### EXERCISE OBJECTIVE
For this exercise, write out the full listing that follows exactly and skip its pictures.

### GIVEN DATA
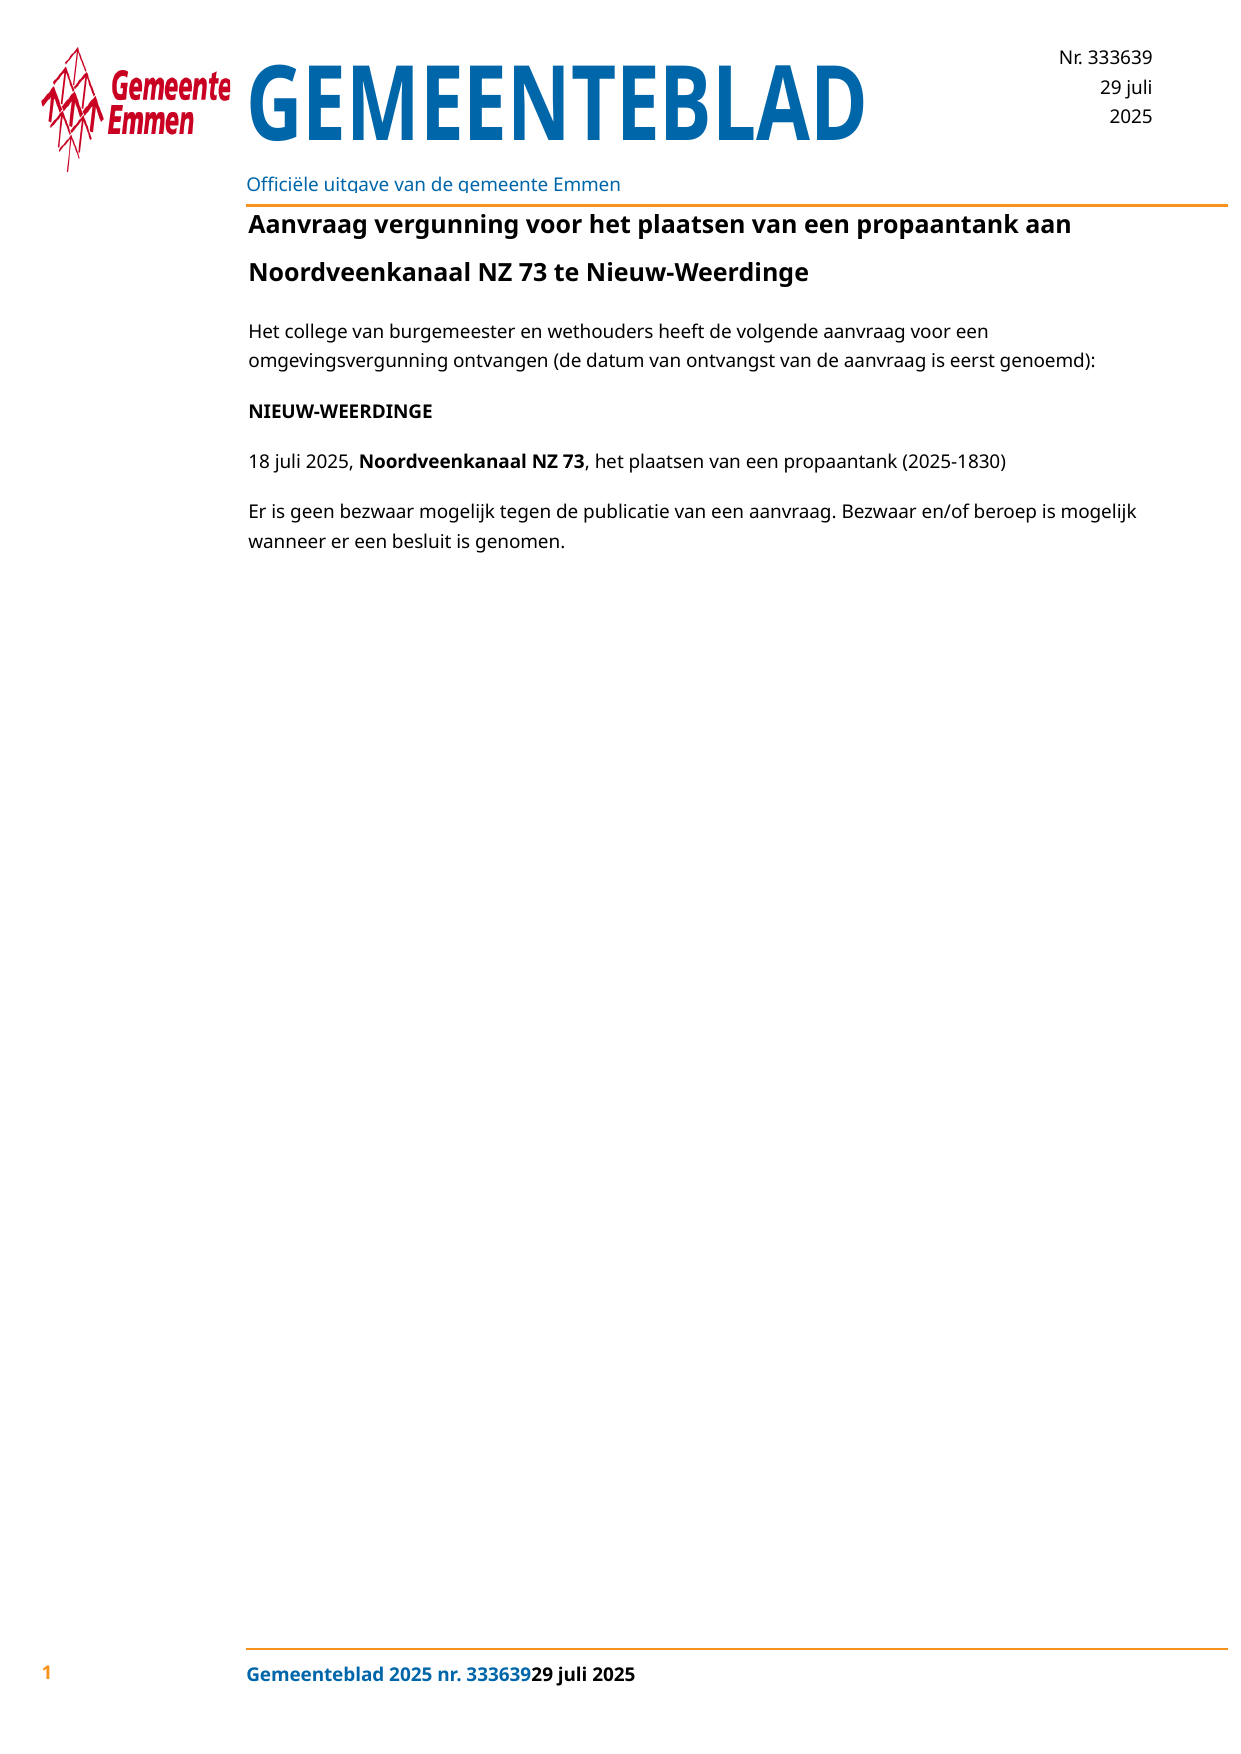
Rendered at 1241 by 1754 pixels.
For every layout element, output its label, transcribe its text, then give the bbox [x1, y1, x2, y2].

text Er is geen bezwaar mogelijk tegen de publicatie van een aanvraag. Bezwaar en/of beroep is mogelijk wanneer er een besluit is genomen. [248, 499, 1152, 554]
text NIEUW-WEERDINGE [248, 398, 1152, 424]
text Aanvraag vergunning voor het plaatsen van een propaantank aan Noordveenkanaal NZ 73 te Nieuw-Weerdinge [248, 207, 1152, 288]
picture [41, 47, 231, 172]
text Het college van burgemeester en wethouders heeft de volgende aanvraag voor een omgevingsvergunning ontvangen (de datum van ontvangst van de aanvraag is eerst genoemd): [248, 318, 1152, 373]
text 18 juli 2025, Noordveenkanaal NZ 73, het plaatsen van een propaantank (2025-1830) [248, 448, 1152, 474]

### SOLUTION FOR THIS EXERCISE
Rendered at 1241 by 1754 pixels.
For every layout element, output its label, transcribe its text, then give the bbox [x1, y1, x2, y2].

text Er is geen bezwaar mogelijk tegen de publicatie van een aanvraag. Bezwaar en/of beroep is mogelijk wanneer er een besluit is genomen. [248, 499, 1152, 554]
text NIEUW-WEERDINGE [248, 398, 1152, 424]
text Aanvraag vergunning voor het plaatsen van een propaantank aan Noordveenkanaal NZ 73 te Nieuw-Weerdinge [248, 207, 1152, 288]
picture [41, 47, 231, 172]
text Het college van burgemeester en wethouders heeft de volgende aanvraag voor een omgevingsvergunning ontvangen (de datum van ontvangst van de aanvraag is eerst genoemd): [248, 318, 1152, 373]
text 18 juli 2025, Noordveenkanaal NZ 73, het plaatsen van een propaantank (2025-1830) [248, 448, 1152, 474]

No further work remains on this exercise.